Click here to subscribe to receive Jack’s poems and news in your inbox.

Click here for Jack’s entire collection, In Time — poems for the current administration.

Click here to watch Jack’s TedX talk.

And, of course, click here to visit ridl.com, check out what Jack’s been up to, maybe say hi!

What To Do Instead

Al Murtz was a folk artist… more of an outsider artist… no, more a guy who liked to paint on things.

My good pal Max Milo introduced me to Al. We visited him in Baldwin, MI, where his house was surrounded by every object imaginable, each painted by Al. Never a canvas. Always an object.

One time,  Doctor Scholl’s truck tipped and out spilled thousands of insoles.
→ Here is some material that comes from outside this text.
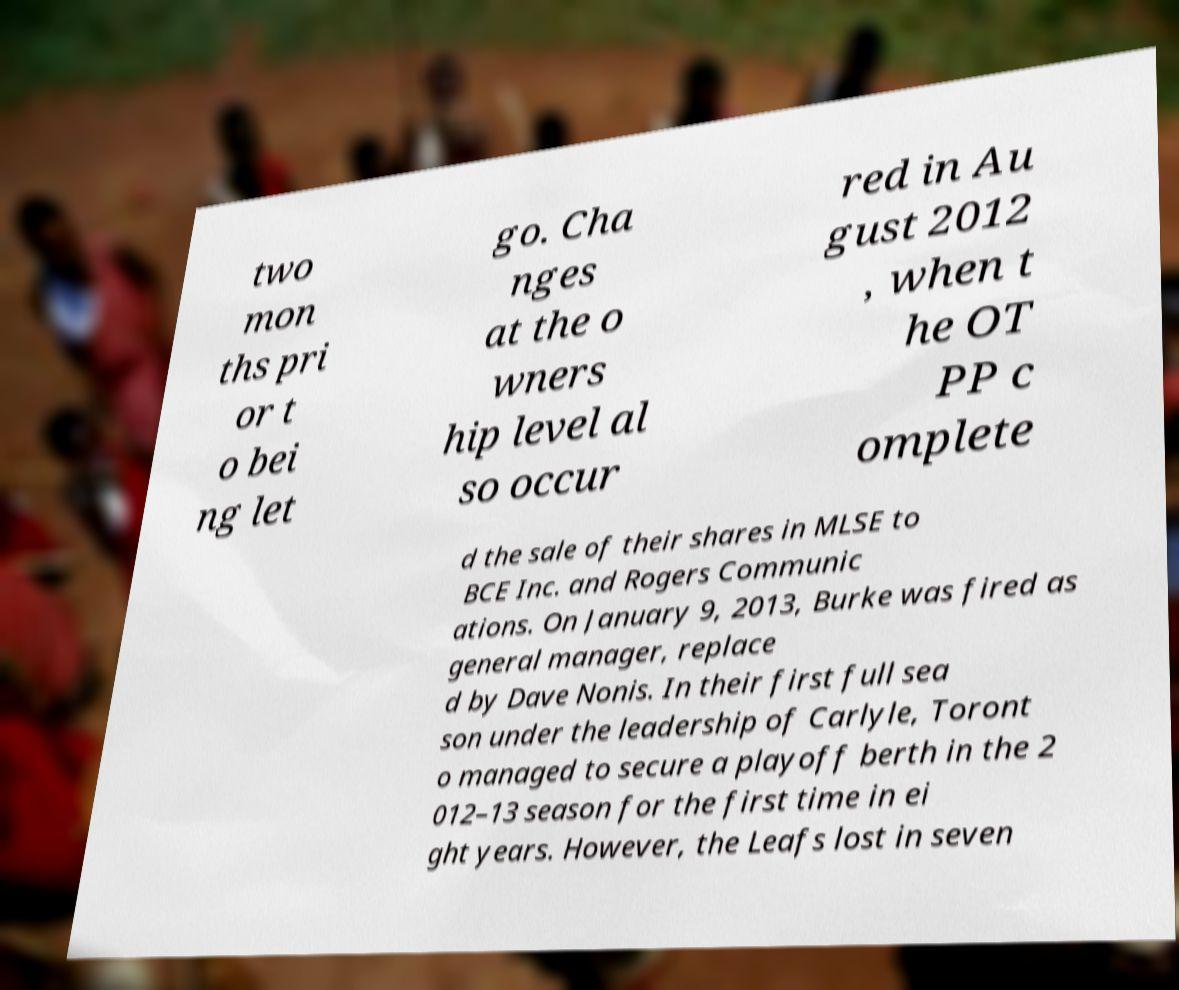What messages or text are displayed in this image? I need them in a readable, typed format. two mon ths pri or t o bei ng let go. Cha nges at the o wners hip level al so occur red in Au gust 2012 , when t he OT PP c omplete d the sale of their shares in MLSE to BCE Inc. and Rogers Communic ations. On January 9, 2013, Burke was fired as general manager, replace d by Dave Nonis. In their first full sea son under the leadership of Carlyle, Toront o managed to secure a playoff berth in the 2 012–13 season for the first time in ei ght years. However, the Leafs lost in seven

Al had them gathered up and dropped off at his place where he painted each one.

Hundreds of bright yellow railroad spikes with red-painted smiley faces on top greeted you in front of the house.

When a leak appeared in the roof, Al put an upturned rowboat over the spot, the boat painted all imaginable colors. In the back he had placed upright a set of bed springs, each painted, monoliths to something.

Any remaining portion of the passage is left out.